I fell in love with her during my junior year in college. My love sparked out of nowhere, still to this day I don’t know where it came from. We went through a lot of obstacles such as timing, friendships that we didn’t want to burn, and a whole basket of issues. These issues were obviously too big for us to ignore, which led to a very unstable relationship.
As we began to drift apart and go our separate way, I constantly felt something missing in life. I wasn’t able to put my finger on it at first but, eventually it all clicked. I missed her. I missed arguing with her, the smell of her hair, the way she laughed, and even the way she walked. But, there was a reason for all of this.
I realized that the reason I missed her was due to the fact that we were apart. The distance created a false sense of love. By not being her side I suddenly missed her. What was once something that annoyed me became something that I was attracted to. But the distance was necessary. After going through the struggles of being apart I realized that we were actually different. Politics, interests, dreams, aspirations, passions, hobbies, everything didn’t line up.
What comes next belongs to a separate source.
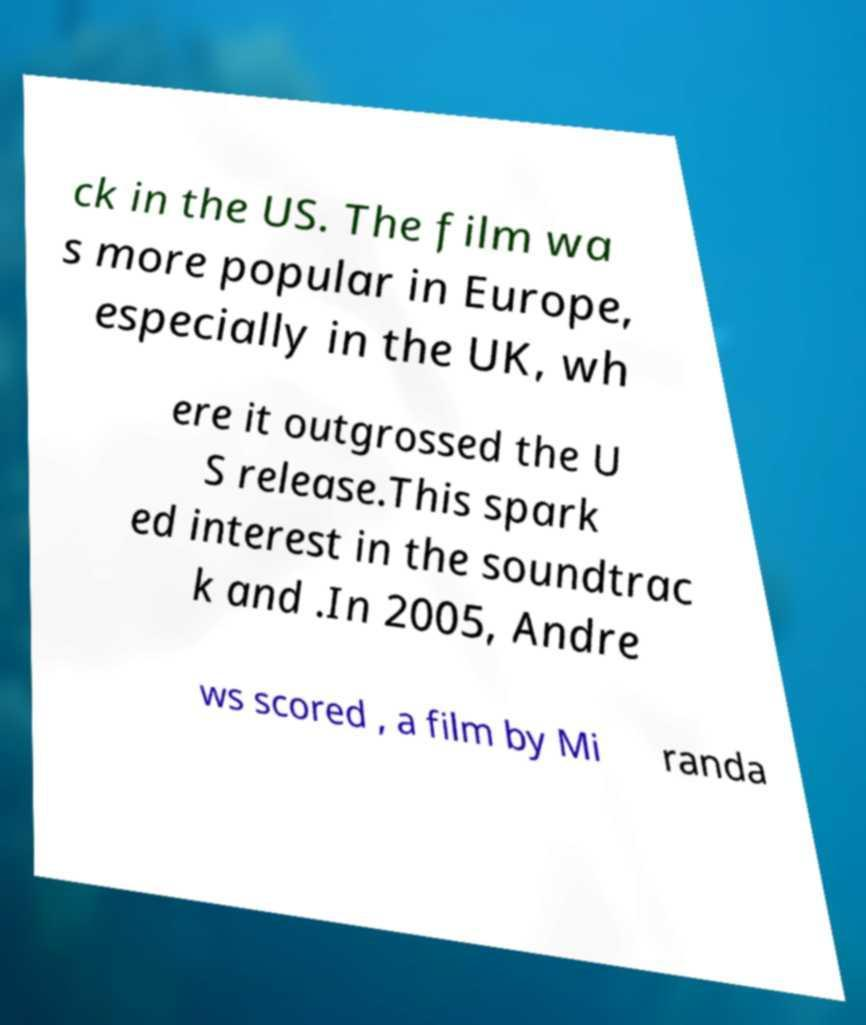Please read and relay the text visible in this image. What does it say? ck in the US. The film wa s more popular in Europe, especially in the UK, wh ere it outgrossed the U S release.This spark ed interest in the soundtrac k and .In 2005, Andre ws scored , a film by Mi randa

The worst of all I wasn’t myself around her, instead I adopted a fake persona when I was around her. I was my genuine self.
From my struggles I learned that sometimes some people aren’t meant to be together. Instead you have to pick yourself up from your bootstraps and tie those laces and move on. There is plenty of fish in this wide open sea. You should never compromise your sincerity, once you do that you are no longer genuine.